TRY IT – Without the pictures, can you quote each line below exactly?

MATERIAL PROVIDED –
:::::
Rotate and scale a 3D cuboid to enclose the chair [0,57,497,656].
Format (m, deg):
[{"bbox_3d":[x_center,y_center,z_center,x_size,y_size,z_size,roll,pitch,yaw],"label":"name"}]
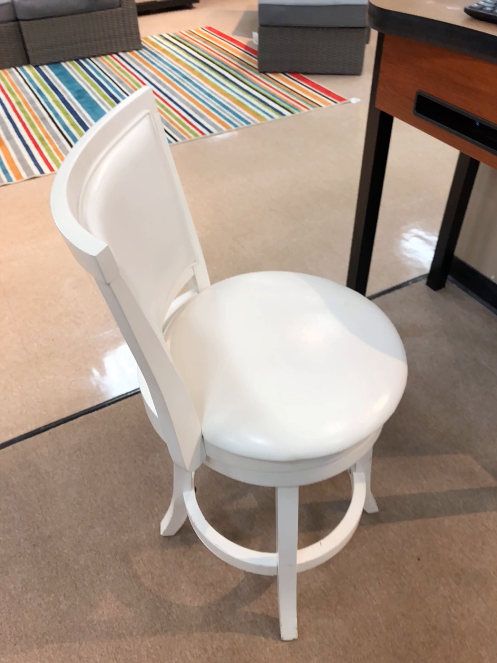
:::::
RESPONSE –
Rotate and scale a 3D cuboid to enclose the chair [0,57,497,656].
Format (m, deg):
[{"bbox_3d":[x_center,y_center,z_center,x_size,y_size,z_size,roll,pitch,yaw],"label":"name"}]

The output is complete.